Muita gente esquece que em alguns países as leis em relação ao vaping podem ser extremamente rígidas e você como turista estará sujeito à essas leis mesmo que esteja apenas fazendo conexão através de um aeroporto em um destes países. Um dos casos mais extremos é a Tailândia que possui regras contraditórias e que no geral considera o vaping ilegal e não é nada amigável com quem quer vaporar por lá, inclusive é dito que se policiais locais pegarem você vaporando eles podem confiscar os aparelhos, multar e até te prender, quando não exigir uma baita “gorjeta” (chamada de “tea money” ou “dinheiro do chá”) para você se livrar da encrenca. Existem casos de problemas inclusive para quem só está passando em conexão pelo aeroporto, o que parece também ocorrer em Dubai, outra cidade particularmente hostil com o vaping.

Nas Filipinas vaporar em público dá 4 meses de cadeia e em Singapura ser pego com um vape pode dar uma multa de até U$ 2.000,00.

Em outros casos mais brandos, mas também rígidos como na Australia, vaporar é legal exceto em Queensland, porém a nicotina é considerada um veneno e o consumo é proibido, o que também ocorre no Japão que não permite o comércio de produtos que contenham nicotina, sendo o vaping sem nicotina não regulado e portanto permitido.

A melhor dica que podemos dar é que você vá no Google e procure por informações acerca da legislação vigente do país de destino já que elas podem mudar rapidamente uma vez que muitos países estão em processo de adaptação em relação ao vaping.

Outras dicas importantes

Confira mais algumas dicas para tornar sua viagem ainda mais tranquila:

  • Que tal despachar os líquidos? Não existe uma regra para “líquidos em geral” em relação à bagagem despachada. Toda informação acaba sendo específica para bebidas alcoólicas cuja regra para vôos internacionais é de no máximo 12 litros e para vôos nacionais até 5 litros na bagagem de mão ou na despachada.

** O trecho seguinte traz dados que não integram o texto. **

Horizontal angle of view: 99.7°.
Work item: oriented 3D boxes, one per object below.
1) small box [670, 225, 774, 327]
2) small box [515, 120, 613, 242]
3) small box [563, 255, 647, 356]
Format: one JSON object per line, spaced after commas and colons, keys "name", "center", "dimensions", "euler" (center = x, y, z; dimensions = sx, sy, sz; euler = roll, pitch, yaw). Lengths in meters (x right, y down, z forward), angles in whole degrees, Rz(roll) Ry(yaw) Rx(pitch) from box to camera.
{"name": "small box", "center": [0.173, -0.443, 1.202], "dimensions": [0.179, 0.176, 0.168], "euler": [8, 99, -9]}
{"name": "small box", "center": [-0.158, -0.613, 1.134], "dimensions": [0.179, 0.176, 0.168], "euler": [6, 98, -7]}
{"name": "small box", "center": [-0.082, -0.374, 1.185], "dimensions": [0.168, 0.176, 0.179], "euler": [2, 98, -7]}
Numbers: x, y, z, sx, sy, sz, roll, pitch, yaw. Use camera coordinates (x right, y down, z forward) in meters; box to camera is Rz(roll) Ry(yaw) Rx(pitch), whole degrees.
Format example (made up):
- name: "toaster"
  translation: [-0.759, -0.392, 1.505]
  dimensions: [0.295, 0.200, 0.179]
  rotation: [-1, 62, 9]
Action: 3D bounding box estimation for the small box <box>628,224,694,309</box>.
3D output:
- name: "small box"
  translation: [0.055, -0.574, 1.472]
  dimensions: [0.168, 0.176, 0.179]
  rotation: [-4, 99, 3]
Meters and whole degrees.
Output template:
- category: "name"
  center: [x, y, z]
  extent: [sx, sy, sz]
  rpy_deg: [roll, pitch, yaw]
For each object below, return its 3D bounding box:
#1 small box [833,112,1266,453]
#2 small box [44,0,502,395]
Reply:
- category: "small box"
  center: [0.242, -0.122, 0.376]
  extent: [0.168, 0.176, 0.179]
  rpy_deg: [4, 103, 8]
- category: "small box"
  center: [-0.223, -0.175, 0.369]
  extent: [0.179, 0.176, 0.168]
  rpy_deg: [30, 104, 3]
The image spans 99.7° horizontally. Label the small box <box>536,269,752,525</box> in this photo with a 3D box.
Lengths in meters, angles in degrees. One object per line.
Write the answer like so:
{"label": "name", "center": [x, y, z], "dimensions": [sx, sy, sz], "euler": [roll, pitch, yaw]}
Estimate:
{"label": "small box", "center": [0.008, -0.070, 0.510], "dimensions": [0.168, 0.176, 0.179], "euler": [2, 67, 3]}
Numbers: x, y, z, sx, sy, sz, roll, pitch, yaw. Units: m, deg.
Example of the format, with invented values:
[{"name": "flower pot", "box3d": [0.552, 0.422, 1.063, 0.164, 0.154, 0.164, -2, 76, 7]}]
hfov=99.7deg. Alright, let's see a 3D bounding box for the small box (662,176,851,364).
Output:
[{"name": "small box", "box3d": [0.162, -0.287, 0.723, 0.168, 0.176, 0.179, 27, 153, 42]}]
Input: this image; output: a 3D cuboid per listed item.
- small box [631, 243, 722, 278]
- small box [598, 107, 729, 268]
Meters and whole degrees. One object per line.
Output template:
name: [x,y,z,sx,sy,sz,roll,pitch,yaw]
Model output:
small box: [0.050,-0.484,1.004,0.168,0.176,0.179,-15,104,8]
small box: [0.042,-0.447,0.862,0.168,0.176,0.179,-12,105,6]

Isso quer dizer que não há uma proibição direta para o despacho de líquidos para cigarro eletrônico, já que provavelmente os recipientes sejam menores que 1 litro (limite de cada garrafa de bebida, que tomamos como base por associação), basta acondicionar com cuidado e não exagerar no volume e na quantidade;
  • Seja o vôo nacional ou internacional, a física não vai se importar com isso, portanto proteja seus e-liquids em uma embalagem plástica pois a altitude tende a expandir todo tipo de líquido e provavelmente seus juices vão vazar um pouquinho. Isso também vale para atomizadores que estejam cheios;
  • Lembre-se que apesar de ser muito menos prejudicial que o cigarro, ele é considerado uma forma de fumar, portanto não utilize seu vape dentro de ambientes fechados, no terminal do aeroporto, na sala de embarque e principalmente dentro do avião. Apesar disso, é até comum em aeroportos internacionais encontrar pessoas usando vapes em salas vip, que normalmente possuem um local exclusivo para fumantes, mas que nem todo mundo respeita e eu mesmo já vi pessoas sentadas usando seus notebooks e casualmente vaporando (sem exagerar na produção de vapor, claro);
  • Se por um acaso do destino algum fiscal ou agente resolver encrencar com seu equipamento vaping, relaxe, tenha calma e explique a situação, peça para que o agente identifique a legislação vigente 

No mais, boa viagem!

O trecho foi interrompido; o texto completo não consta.